Jane Austin’s real-life inspiration for writing "Pride and Prejudice" is the subject of this temperamental period piece with Anne Hathaway fairly miscast as the young would-be author whose romantic sensibilities are ruffled by Tom Lefroy (James McAvoy), an Irish lawyer-in-training. Tom’s under class social standing proves a bridge too far in spite of Jane’s deepening affection for the man that her family firmly rejects. McAvoy shines in the role of a good-hearted rogue, and director Julian Jarrold ("Kinky Boots") depicts 18th-century England with a convincing less-is-more approach. Jarrold delivers an emotional zinger during the film’s outro that solidifies the otherwise underdeveloped narrative. Special features include English, Spanish, and French subtitles, a commentary track with director Julian Jarrold, screenwriter Kevin Hood, and producer Robert Bernstein, a "pop-up facts" feature, a making-of featurette, and a collection of deleted scenes.
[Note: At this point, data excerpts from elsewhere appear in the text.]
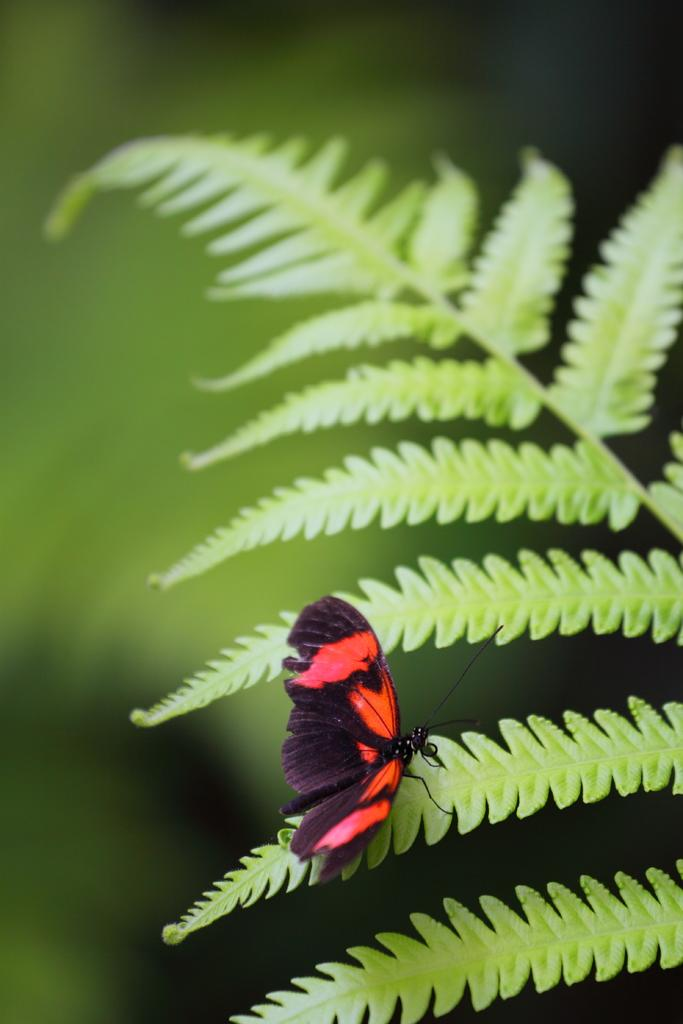What type of living organism can be seen in the image? There is a plant in the image. What other living organism can be seen in the image? There is a butterfly in the image. Can you describe the background of the image? The background of the image is blurred. What type of straw can be seen in the image? There is no straw present in the image. What time of day is depicted in the image? The time of day is not specified in the image, but the presence of a butterfly suggests it could be during the day. 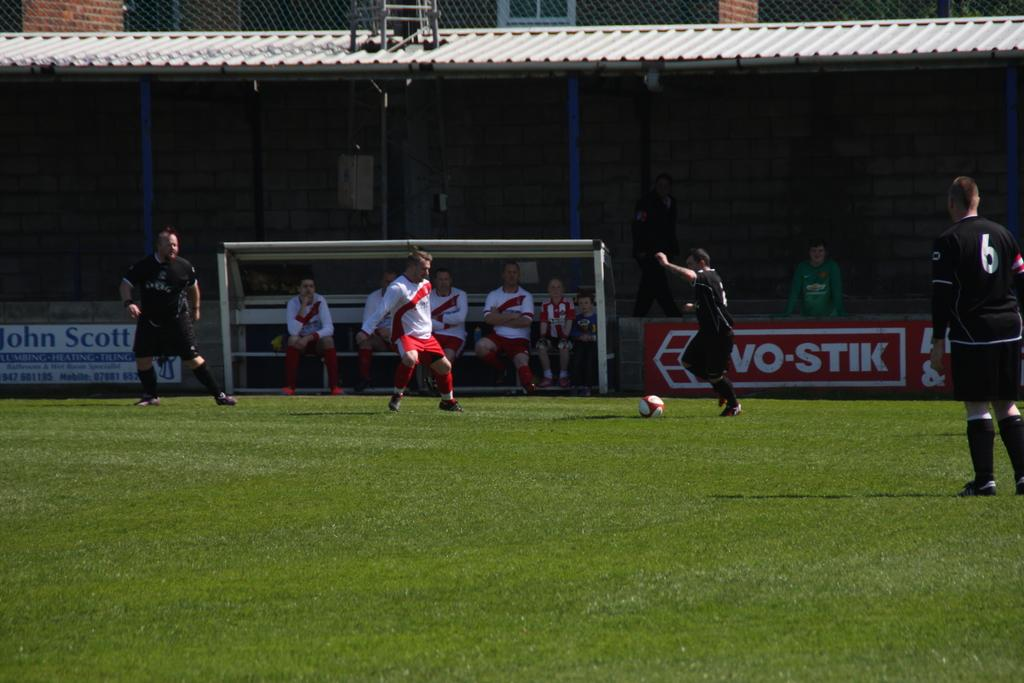<image>
Present a compact description of the photo's key features. The white and blue sign behind the goal has the name John Scott 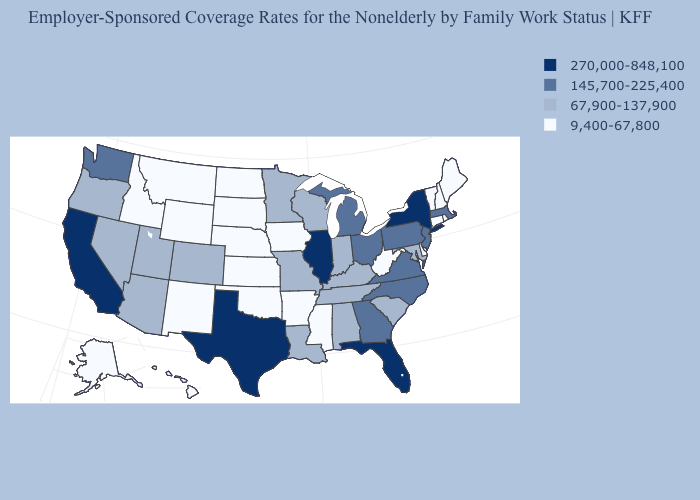What is the value of New Hampshire?
Short answer required. 9,400-67,800. What is the highest value in states that border South Dakota?
Keep it brief. 67,900-137,900. Is the legend a continuous bar?
Give a very brief answer. No. Name the states that have a value in the range 67,900-137,900?
Be succinct. Alabama, Arizona, Colorado, Indiana, Kentucky, Louisiana, Maryland, Minnesota, Missouri, Nevada, Oregon, South Carolina, Tennessee, Utah, Wisconsin. Which states have the highest value in the USA?
Concise answer only. California, Florida, Illinois, New York, Texas. Is the legend a continuous bar?
Give a very brief answer. No. Among the states that border Maryland , does West Virginia have the highest value?
Write a very short answer. No. Does Idaho have a lower value than New York?
Be succinct. Yes. Does Oklahoma have the same value as Kentucky?
Keep it brief. No. Name the states that have a value in the range 9,400-67,800?
Give a very brief answer. Alaska, Arkansas, Connecticut, Delaware, Hawaii, Idaho, Iowa, Kansas, Maine, Mississippi, Montana, Nebraska, New Hampshire, New Mexico, North Dakota, Oklahoma, Rhode Island, South Dakota, Vermont, West Virginia, Wyoming. Does Texas have the highest value in the USA?
Answer briefly. Yes. What is the lowest value in the USA?
Short answer required. 9,400-67,800. What is the value of South Carolina?
Be succinct. 67,900-137,900. Does Florida have the highest value in the USA?
Give a very brief answer. Yes. What is the lowest value in states that border Iowa?
Answer briefly. 9,400-67,800. 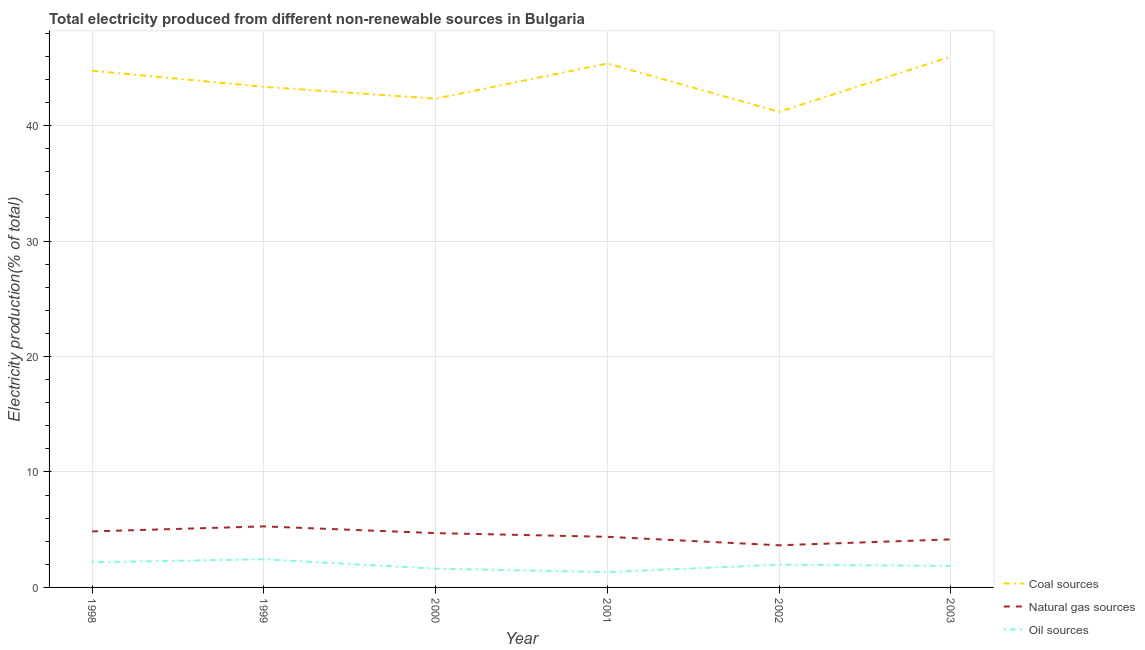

Aspect ratio is 2.35:1 anamorphic widescreen, with sound quality processed in Dolby Digital 5.1. (Movie – Three Stars, DVD features – Three Stars) Rated PG, 120 mins. (Miramax)

February 17, 2008 in Historical Drama | Permalink

Martian Child

Another installment in a current spate of magical realist films, "Martian Child" focuses on the primal fear of abandonment of a young orphaned boy named Dennis (Bobby Coleman) who professes to be from Mars. John Cusack plays David Gordon, a widowed science fiction writer who sees himself in Dennis, and adopts the troubled boy. With help from his sister Liz (Joan Cusack) and would-be girlfriend Harlee (Amanda Peet), David breaks through Dennis's defense mechanisms and teaches him to see life on terms he can relate to-like baseball. John Cusack's favored co-actors (Oliver Platt, Joan Cusack, and Angelica Huston) add color to a sweet movie that intermittently gets bogged down by poor pacing. Special features include English and Spanish subtitles, a commentary track with produceres Corey Sienega and David Kirschner, and screenwriters Seth Bass and Jonathan Tolins, two making-of featurettes and fourteen deleted and additional scenes. Aspect ratio is 1.85:1 anamorphic widescreen, with sound quality processed in choice of Dolby Digital Surround or 2.0 Stereo Surround. (Movie – Three Stars, DVD features – Two Stars). Rated PG, 108 mins. (New Line)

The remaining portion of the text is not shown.